Adieu aux chaînes : le transport des forçats modernisé en 1839

En 1839, le gouvernement adopta une innovation majeure pour le transport des forçats : les voitures cellulaires. Cette décision fut accueillie avec soulagement par les défenseurs des droits humains. En effet, la disparition des chaînes signifiait la fin de traitements cruels et inutiles. De plus, elle mettait fin au spectacle choquant offert aux populations par le cynisme des prisonniers.
Ces nouvelles voitures étaient entièrement fermées. De plus, l’administration des postes assurait leur transport rapide. Ainsi, ces véhicules répondaient aux exigences de la morale publique et de l’humanité.
Le 19 juin 1839, un journaliste aixois assista au départ d’un convoi. Sept condamnés furent transférés des prisons d’Aix au bagne de Toulon. Voici quelques détails sur ce transport.

Un véhicule innovant

La voiture, de forme allongée, reposait sur quatre roues. Par ailleurs, sa conception s’inspirait des omnibus, avec une seule porte à l’arrière et des ouvertures sur le toit pour l’aération des cellules.
L’intérieur était divisé en trois parties. Premièrement, une partie centrale vide servait de couloir pour le conducteur ou le gardien. Deuxièmement, les deux autres parties étaient divisées en cellules individuelles. Chaque condamné était assis sur un siège rembourré, les jambes tendues. Enfin, chaque cellule possédait une petite fenêtre donnant sur le couloir, facilitant ainsi la surveillance et l’accès aux besoins des prisonniers.
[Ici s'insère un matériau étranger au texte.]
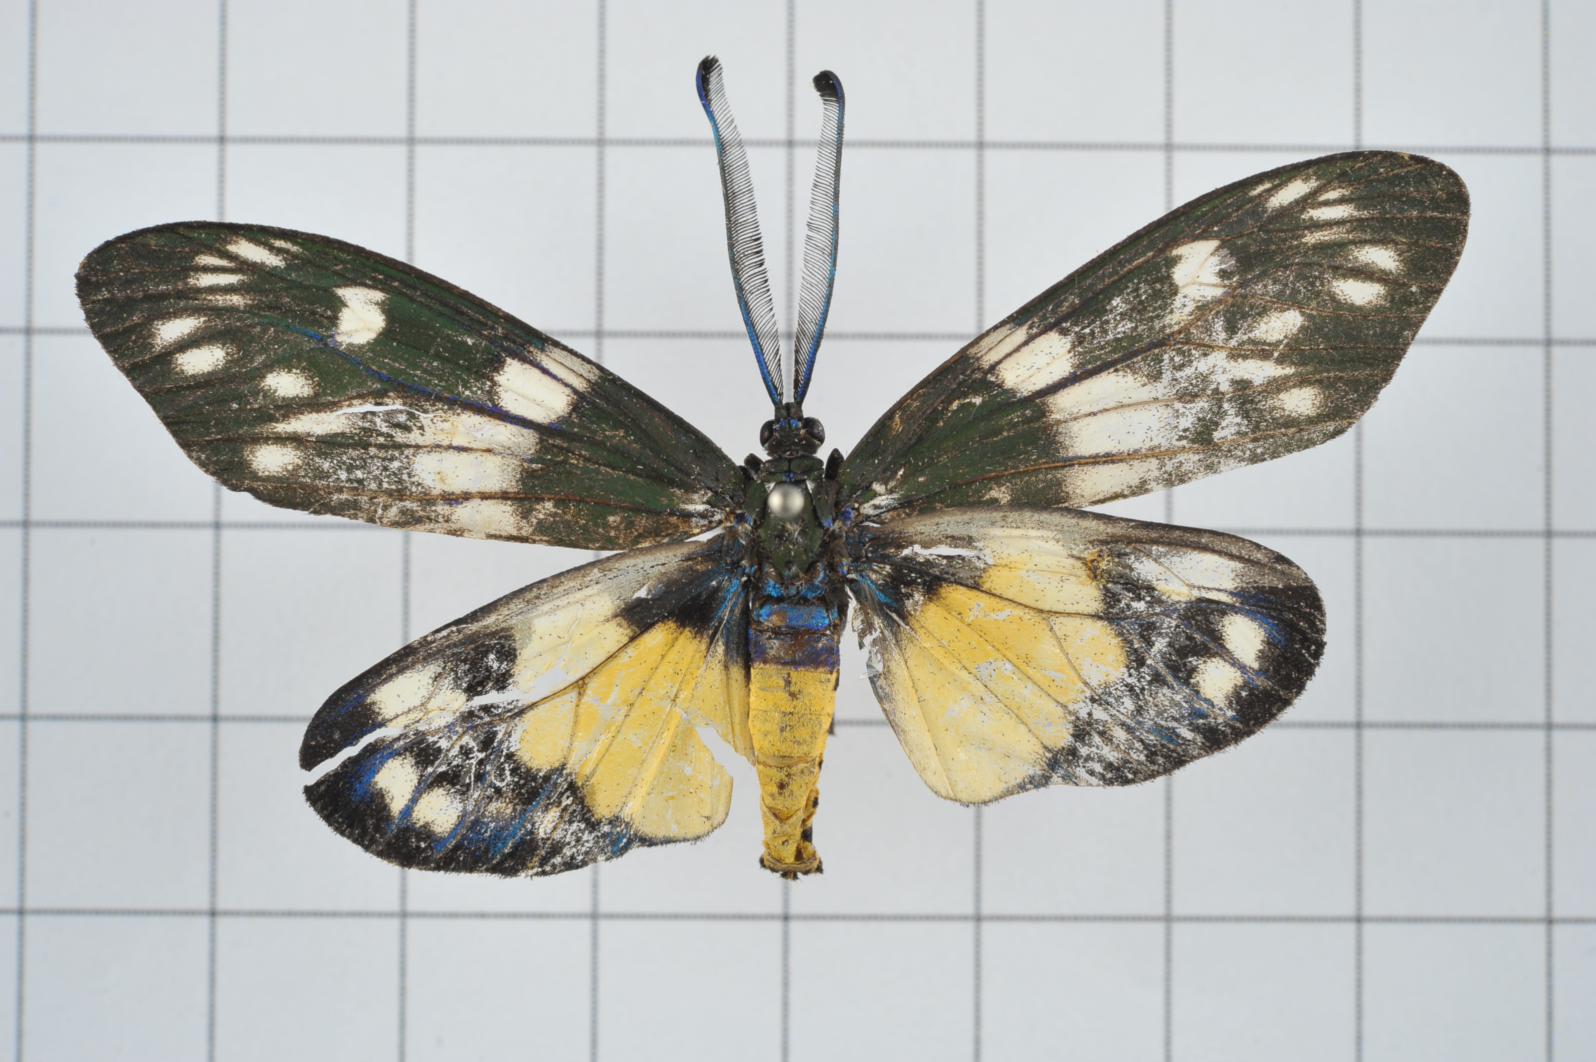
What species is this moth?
Eterusia aedea formosana

L’équipement des condamnés

Avant le départ, l’agent responsable apporta l’équipement des condamnés. Il comprenait un pantalon, un gilet et une longue veste, faits d’étoffes grossières jaunes et grises. En outre, un bonnet bleu, une cravate bleue, des chaussettes et des sabots complétaient la tenue. Apparemment, les épaulettes en losange permettaient de repérer facilement les prisonniers en cas d’évasion, sans pour autant les ridiculiser.
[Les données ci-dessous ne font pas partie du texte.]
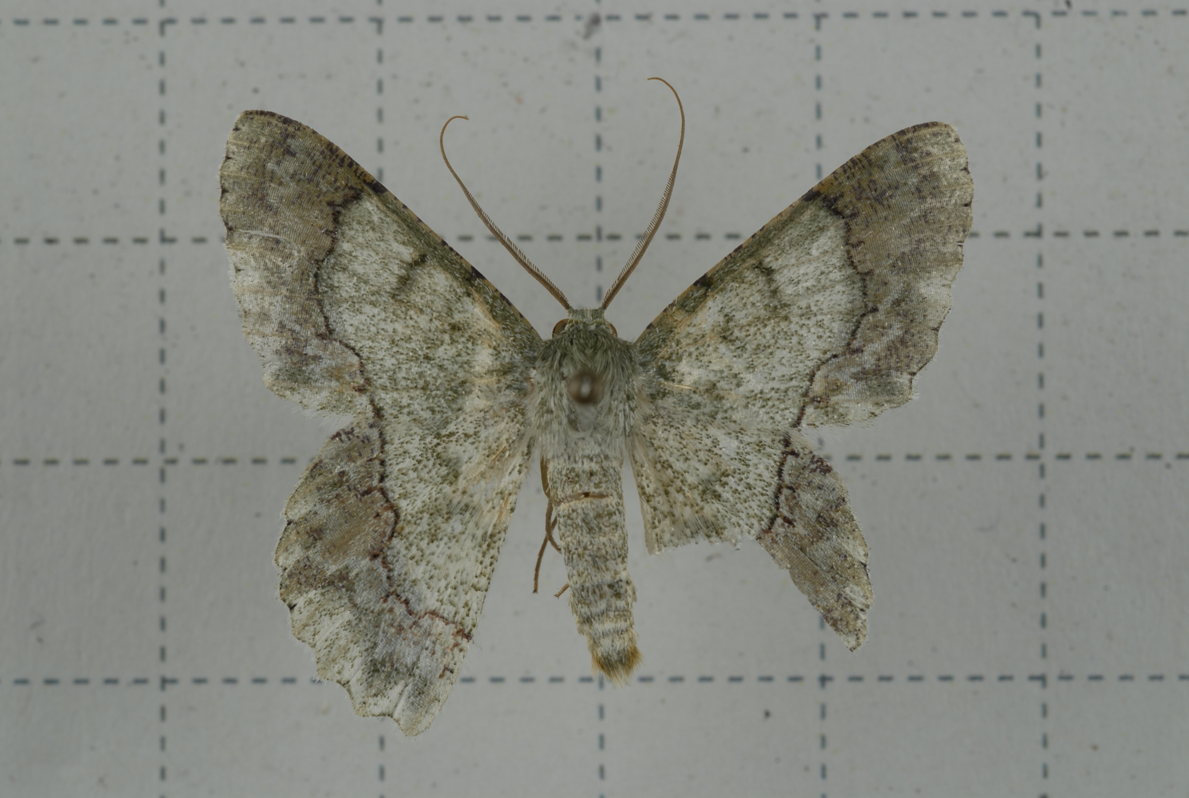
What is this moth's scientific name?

L’attitude des condamnés et les mesures de sécurité

Les condamnés, indifférents, riaient et plaisantaient. L’un d’eux, même, demanda du vin et déclara qu’il recommencerait ses méfaits – « Croit-on que tout ceci m’empêchera de recommencer ? » dit-il. Une famille italienne, quant à elle, parlait de ce départ comme d’un simple voyage. Cette scène aurait pu inspirer Georges Sand, connue pour ses écrits sur les forçats.
Après une fouille minutieuse et la coupe des cheveux, les jambes des condamnés furent attachées avec une chaîne, limitant leurs mouvements. Le brigadier de gendarmerie lut ensuite le règlement du voyage.
Plusieurs règles strictes furent imposées. Premièrement, l’usage du tabac était interdit. Deuxièmement, le silence était obligatoire, sauf pour parler au conducteur en cas de nécessité. Troisièmement, en cas d’infraction, des sanctions étaient prévues : poucettes, suppression des coussins des sièges, liens aux bras et, en dernier recours, l’usage des armes. Le conducteur avertit d’ailleurs un condamné récalcitrant qu’il le surveillerait de près et qu’il n’hésiterait pas à faire usage de son arme en cas de mouvement suspect, en disant : « Mon garçon, je te mettrai près de moi et si tu bouges, je te brûle la cervelle. Sur ce, en avant ! » cria-t-il.
Finalement, après cet avertissement, les condamnés montèrent un à un dans la voiture. Puis, cinq chevaux les emmenèrent rapidement vers le bagne.
  • Sources : Le Mémorial d’Aix, 22 juin 1839, p. 3.